Collected data

□ □ □ □ □ □ □

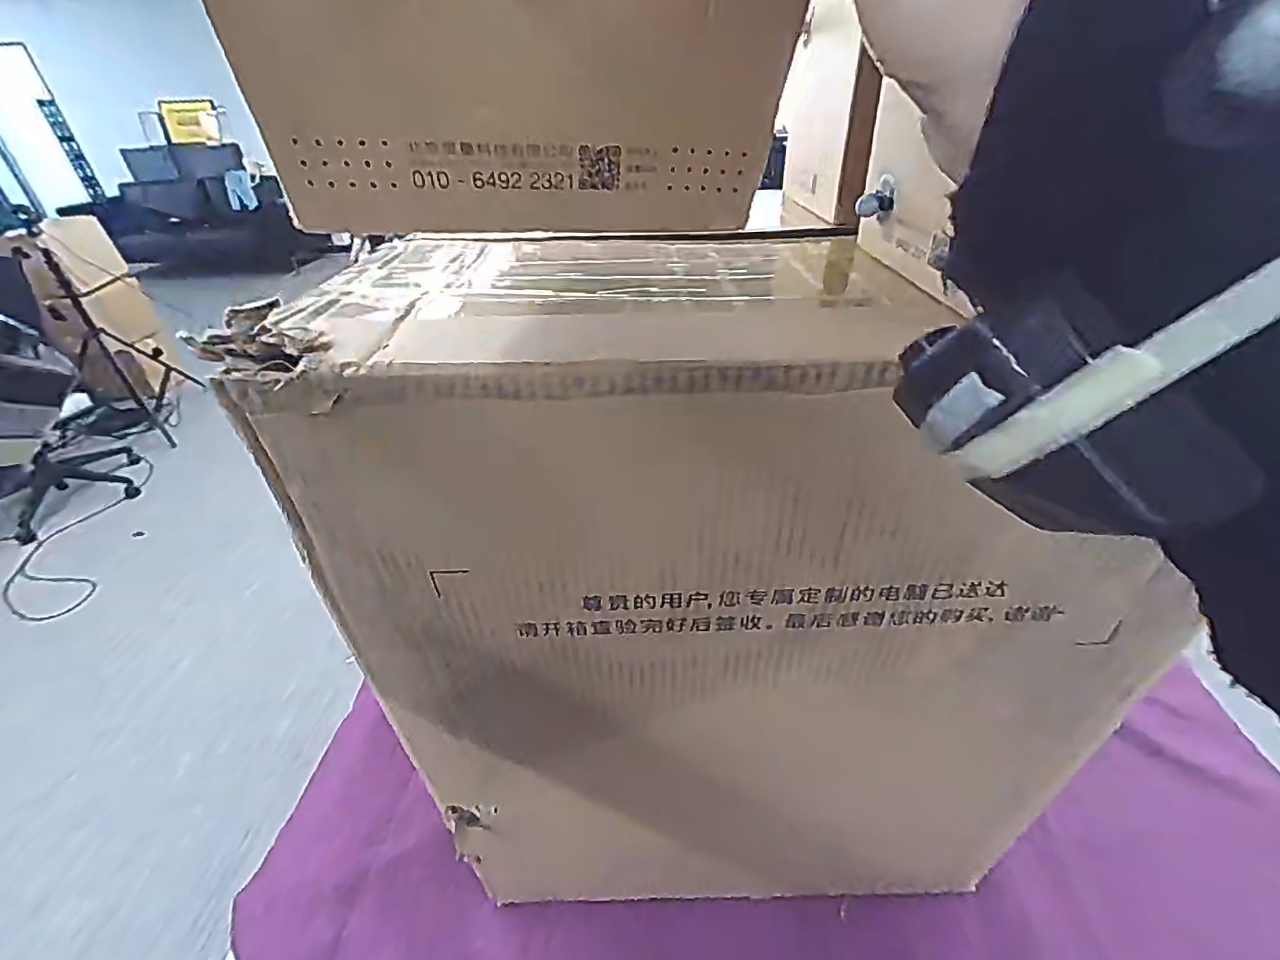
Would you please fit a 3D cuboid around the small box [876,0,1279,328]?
[{"bbox_3d":[0.224,-0.175,0.241,0.179,0.176,0.168,-4,36,0],"label":"small box"}]

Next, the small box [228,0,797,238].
[{"bbox_3d":[-0.043,-0.204,0.188,0.168,0.176,0.179,-6,55,-11],"label":"small box"}]
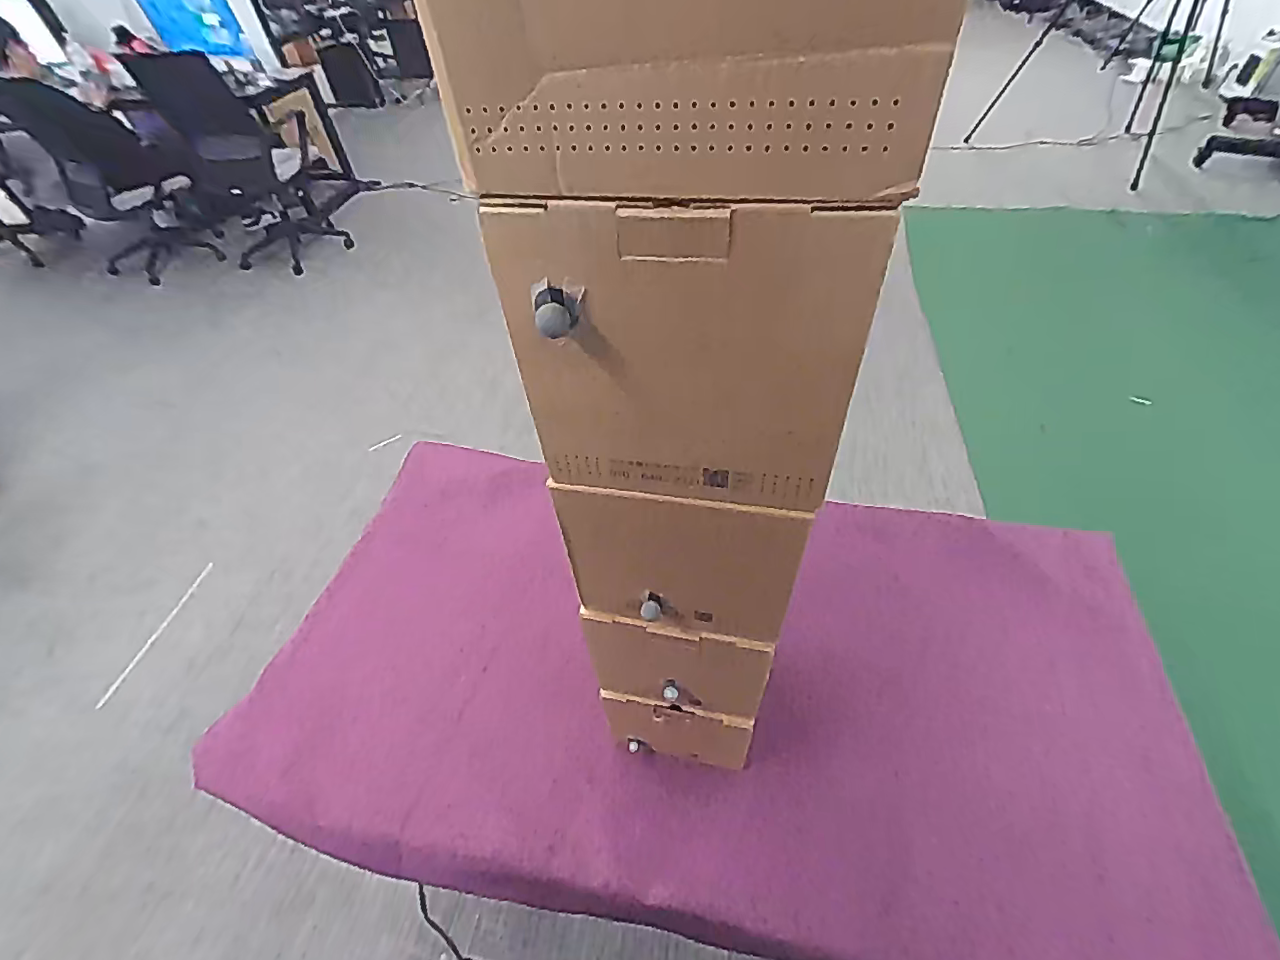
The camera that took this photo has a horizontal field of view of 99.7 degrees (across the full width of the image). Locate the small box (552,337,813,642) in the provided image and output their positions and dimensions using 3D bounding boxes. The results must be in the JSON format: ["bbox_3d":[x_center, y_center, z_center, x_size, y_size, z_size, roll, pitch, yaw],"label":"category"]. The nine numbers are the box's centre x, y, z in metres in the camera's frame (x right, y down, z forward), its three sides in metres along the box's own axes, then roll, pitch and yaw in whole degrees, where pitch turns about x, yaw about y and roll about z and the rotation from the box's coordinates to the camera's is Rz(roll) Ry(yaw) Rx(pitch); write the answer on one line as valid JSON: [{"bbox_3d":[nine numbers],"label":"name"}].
[{"bbox_3d":[0.043,0.006,0.449,0.168,0.176,0.179,7,49,11],"label":"small box"}]

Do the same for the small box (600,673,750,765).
[{"bbox_3d":[0.059,0.234,0.682,0.168,0.176,0.179,8,49,11],"label":"small box"}]

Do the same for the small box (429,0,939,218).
[{"bbox_3d":[0.022,-0.219,0.213,0.179,0.176,0.168,7,48,11],"label":"small box"}]

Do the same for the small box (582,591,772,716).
[{"bbox_3d":[0.050,0.118,0.566,0.168,0.176,0.179,7,49,11],"label":"small box"}]

□ □ □ □ □ □ □

What's needed is an exact copy of every entry, free of pictures.

Would you please fit a 3D cuboid around the small box [876,0,1279,328]?
[{"bbox_3d":[0.224,-0.175,0.241,0.179,0.176,0.168,-4,36,0],"label":"small box"}]

Next, the small box [228,0,797,238].
[{"bbox_3d":[-0.043,-0.204,0.188,0.168,0.176,0.179,-6,55,-11],"label":"small box"}]
The camera that took this photo has a horizontal field of view of 99.7 degrees (across the full width of the image). Locate the small box (552,337,813,642) in the provided image and output their positions and dimensions using 3D bounding boxes. The results must be in the JSON format: ["bbox_3d":[x_center, y_center, z_center, x_size, y_size, z_size, roll, pitch, yaw],"label":"category"]. The nine numbers are the box's centre x, y, z in metres in the camera's frame (x right, y down, z forward), its three sides in metres along the box's own axes, then roll, pitch and yaw in whole degrees, where pitch turns about x, yaw about y and roll about z and the rotation from the box's coordinates to the camera's is Rz(roll) Ry(yaw) Rx(pitch); write the answer on one line as valid JSON: [{"bbox_3d":[nine numbers],"label":"name"}].
[{"bbox_3d":[0.043,0.006,0.449,0.168,0.176,0.179,7,49,11],"label":"small box"}]

Do the same for the small box (600,673,750,765).
[{"bbox_3d":[0.059,0.234,0.682,0.168,0.176,0.179,8,49,11],"label":"small box"}]

Do the same for the small box (429,0,939,218).
[{"bbox_3d":[0.022,-0.219,0.213,0.179,0.176,0.168,7,48,11],"label":"small box"}]

Do the same for the small box (582,591,772,716).
[{"bbox_3d":[0.050,0.118,0.566,0.168,0.176,0.179,7,49,11],"label":"small box"}]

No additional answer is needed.